USP10 in small intestinal adenocarcinoma
Small intestinal adenocarcinoma is rare, accounting for only 2% of gastrointestinal malignancies (66). p14ARF, encoded by a reading frame within the cyclin-dependent kinase inhibitor p16/the p53 regulator p14 (INK4a/ARF) locus on chromosome 9p21 (67), can inhibit the E3 ubiquitin protein ligase mouse double minute 2 (MDM2)-mediated degradation of TP53, thereby increasing TP53 stability and leading to cell cycle arrest and apoptosis (68). Song et al. revealed that USP10 deletion is associated with advanced tumor-related phenotypes, and that co-deletion of USP10 and p14ARF yields poor outcomes in small intestinal adenocarcinoma, indicating that USP10 and p14ARF may be involved in small intestinal adenocarcinoma (69).
USP10 in colorectal cancer
Li et al. reported that NACHT, LRR, and PYD domain-containing protein 7 (NLRP7) plays a key oncogenic role in the proliferation and metastasis of colorectal cancer (CRC) and is associated with poor prognosis. USP10-mediated deubiquitination stabilized NLRP7 protein expression and induced polarization of tumor-promoting M2-like macrophages through NF-κB pathway-mediated monocyte chemoattractant protein-1 (MCP-1) secretion (70). In addition, the tumor suppressor sirtuin 6 (SIRT6) is significantly inversely correlated with tumorigenesis (71), and USP10 can inhibit the transcriptional activity of the c-Myc by increasing the protein stability of SIRT6 and p53, ultimately inhibiting the progression of CRC (72). Kim et al. also noted that USP10 expression was absent in 18.6% of CRC tissue and was significantly associated with distant metastasis and lymph vascular invasion. Likewise, USP10 deletion was associated with shorter OS, disease-free survival, and was an independent prognostic factor in CRC patients (73). In contrast, another study showed that USP10 promoted CRC cell proliferation by deubiquitinating and stabilizing the oncogenic factor musashi 2 (MSI2) (74).

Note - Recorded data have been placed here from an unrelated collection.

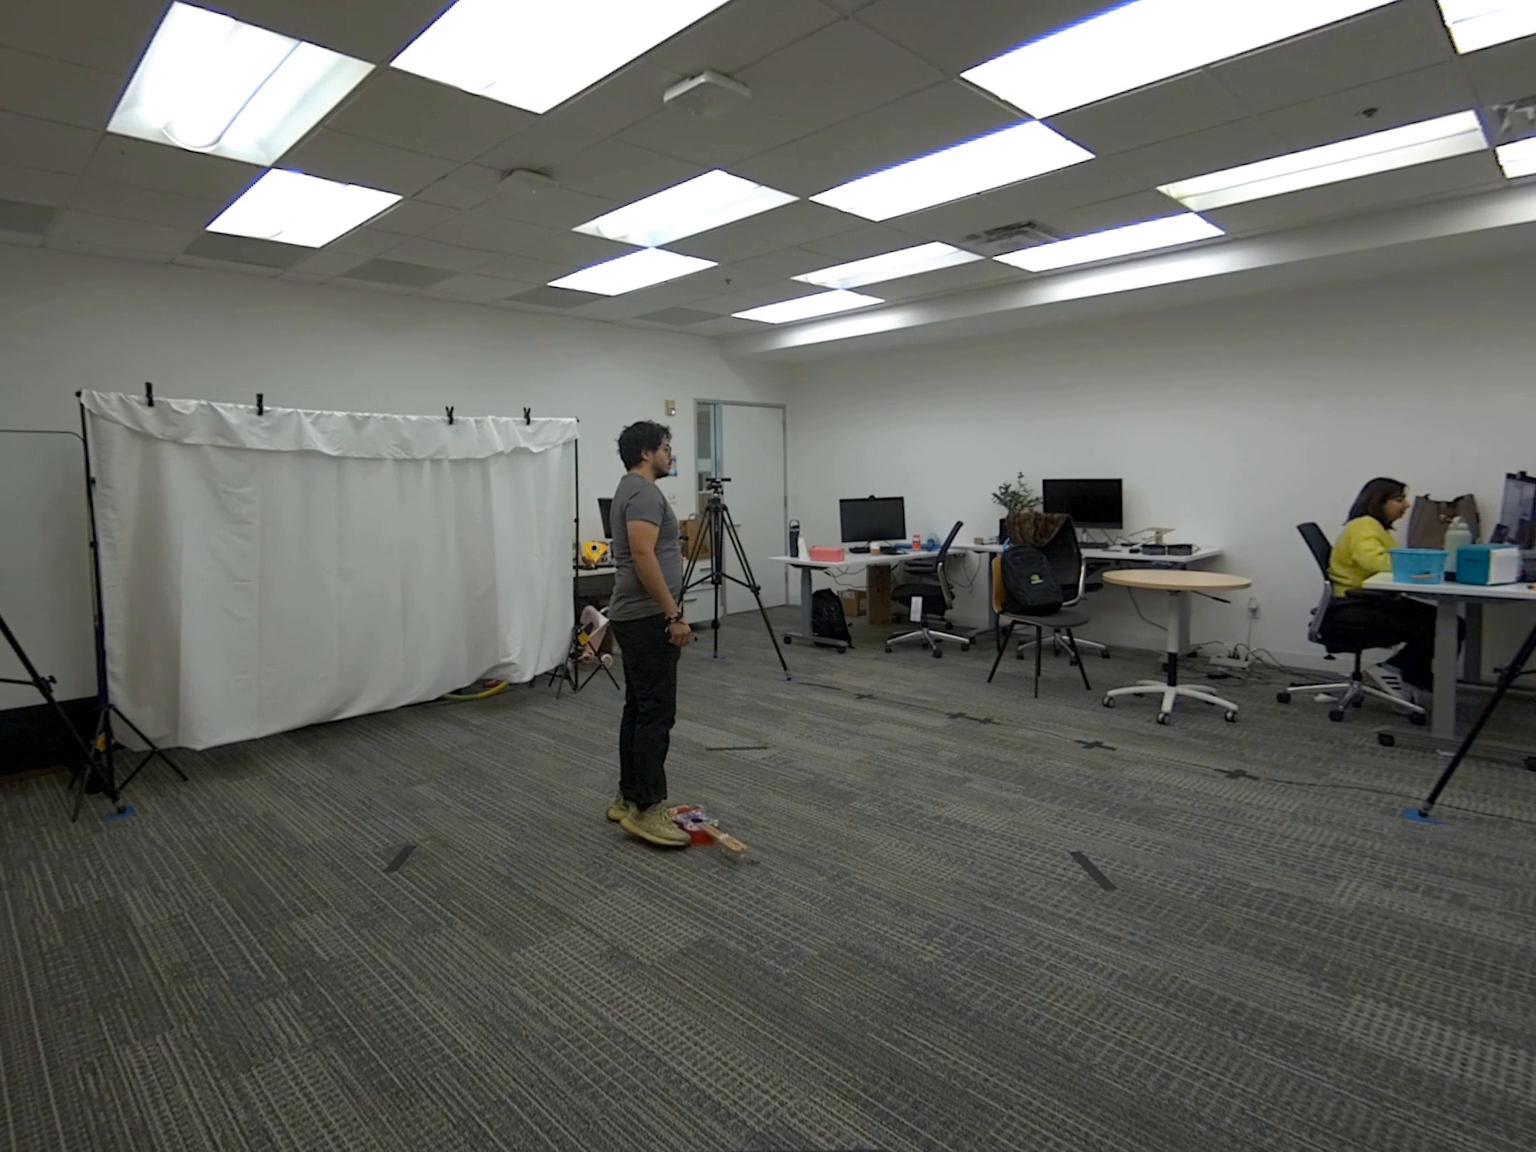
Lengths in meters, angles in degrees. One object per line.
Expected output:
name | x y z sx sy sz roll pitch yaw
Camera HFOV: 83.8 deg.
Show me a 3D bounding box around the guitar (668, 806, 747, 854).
guitar | -0.259 0.991 3.277 0.189 0.070 0.510 -2 6 -25

USP10 in pancreatic cancer
Pancreatic cancer is an extremely lethal malignancy with a high mortality rate worldwide (75). The role of USP10 in pancreatic cancer remains controversial. For example, Liu et al. reported that USP10 promoted Cysteine-Rich 61 (Cyr61) expression by inhibiting YAP1 ubiquitination and degradation, thereby favoring immune escape and promoting the proliferation and metastasis of pancreatic cancer (19). However, another study suggested that miR-191 promotes pancreatic cancer cell proliferation by inhibiting USP10 expression (76). Furthermore, it has been reported that miR-103 may also downregulate USP10 in pancreatic cancer cell lines and tissues. Upregulation of miR-103 expression is associated with lymph node metastasis, advanced TNM stage, and poor prognosis (77). Thus, the specific regulatory role of USP10 in pancreatic cancer requires further investigation.
USP10 in other tumors
Neurotrophin receptor-interacting MAGE homologue (NRAGE) is generally considered to be a tumor suppressor, yet Yang et al. found that NRAGE significantly promoted esophageal carcinoma, mainly via upregulation of PCNA. Knockdown of NRAGE promoted PCNA K48-linked polyubiquitination, leading to proteasome-dependent degradation of PCNA and cancer proliferation inhibition, and USP10 is a key regulator in this process (78).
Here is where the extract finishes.